For election systems that have a current Commission certification, the Commission would be required to provide for an expedited certification review of the patch or fix. In the event that such a certification verification was not provided within 90 days, the fix would be considered to be certified. After 180 days from the date the Commission was notified of the vulnerability by the researcher, the Commission would be required to forward the vulnerability to CISA for inclusion in the database of Common Vulnerabilities and Exposures.
Safe Harbor
Subsection 297(d) provides for the voluntary participation of both vendors and researchers in the pilot program. Vendors would be prohibited from taking actions against participating researchers under 18 USC 1030 (Computer Fraud and Abuse Act) for “accidental, good faith violations of the program.” Similarly, the vendor would be prohibited from taking actions under 17 USC 1201 (Digital Millennium Copyright Act) for circumvention of technology controls. Paragraph (4) would exempt vulnerabilities reported in the pilot program exempt from disclosure under 5 USC 552 (Freedom of Information Act).
Moving Forward
Neither Valadao, nor his sole cosponsor {Rep Deluzio (D,PA)}, are members of the House Administration Committee to which this bill was assigned for primary consideration. This means that there is not sufficient influence to see the bill considered in Committee. I suspect that there would be some level of bipartisan support for the bill were it to be considered.
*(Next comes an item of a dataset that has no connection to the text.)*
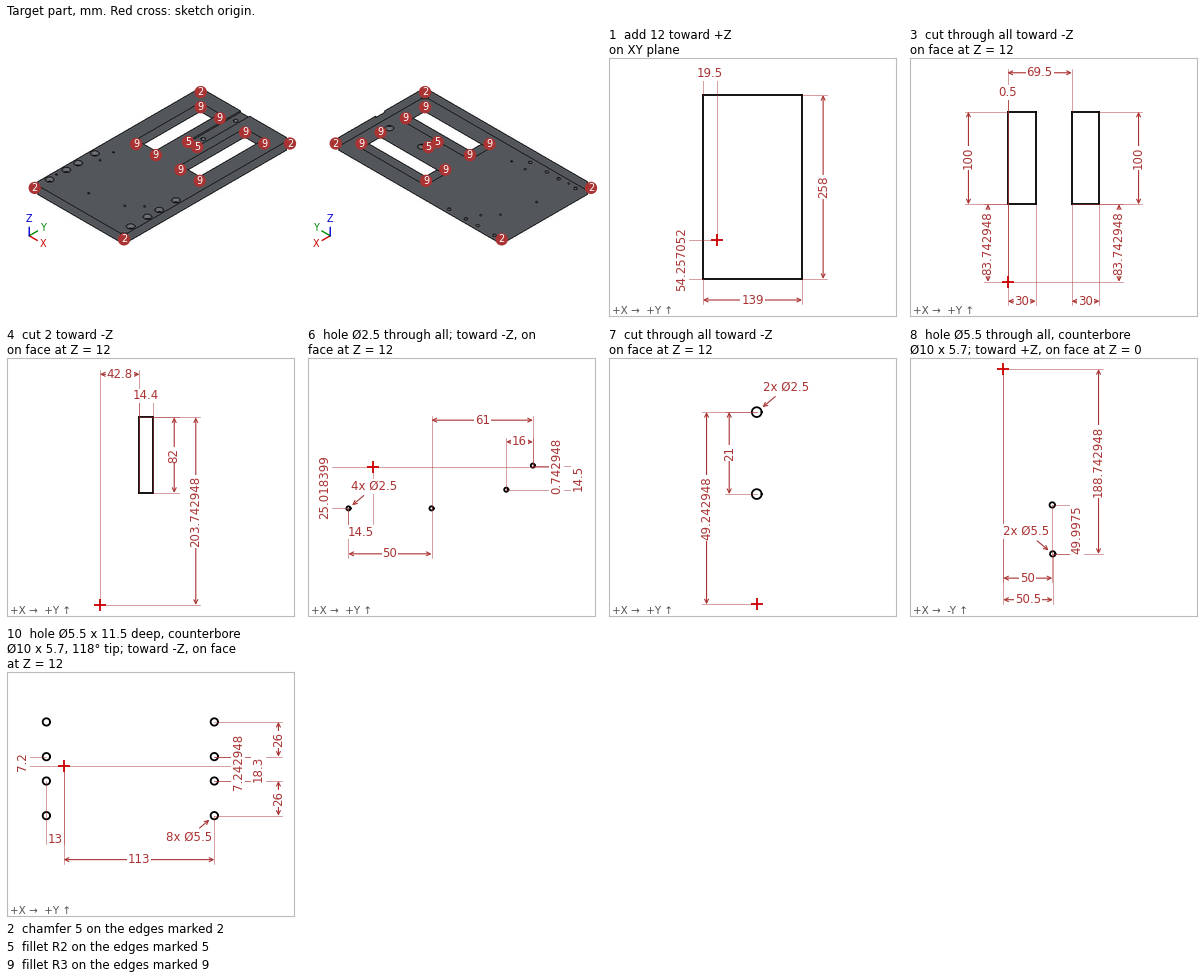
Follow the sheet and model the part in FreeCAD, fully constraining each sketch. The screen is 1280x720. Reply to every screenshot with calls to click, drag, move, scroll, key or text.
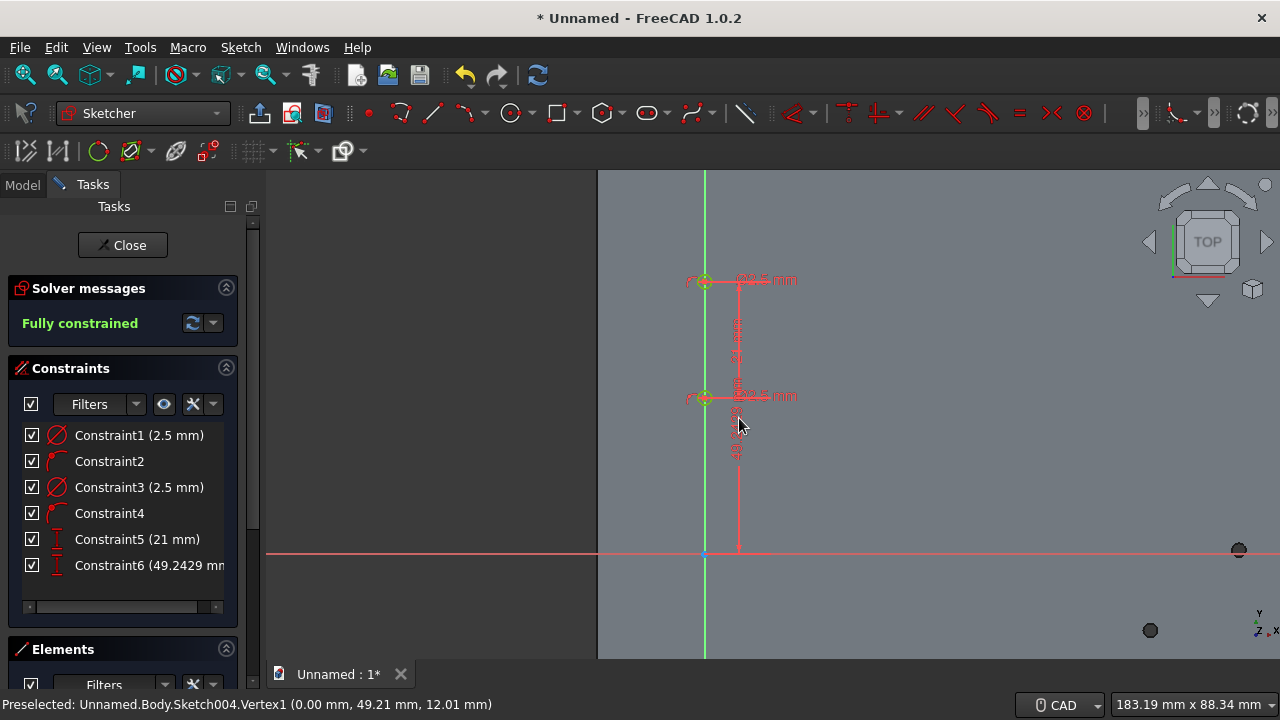
click(123, 245)

What is not clear is if there would be enough to see the bill considered by the full House under the suspension of the rules process.
Commentary
While the proposed §231(e) uses the term ‘penetration testing’ it does not provide a definition of that term. I would suggest using the definition of that term found in NIST SP 800-115, Technical Guide to Information Security Testing and Assessment (pg F1):
“Security testing in which evaluators mimic real-world attacks in an attempt to identify ways to circumvent the security features of an application, system, or network. Penetration testing often involves issuing real attacks on real systems and data, using the same tools and techniques used by actual attackers. Most penetration tests involve looking for combinations of vulnerabilities on a single system or multiple systems that can be used to gain more access than could be achieved through a single vulnerability.”
This would be best accomplished by revising the proposed §231(e)(1) to read:
“(1) IN GENERAL.—Not later than 180 days after the date of the enactment of this subsection, the Commission shall provide for the conduct of penetration testing (as that term is defined in NIST SP 800-5, Appendix F) as part of the testing, certification, decertification, and recertification of voting system hardware and software by accredited laboratories under this section.”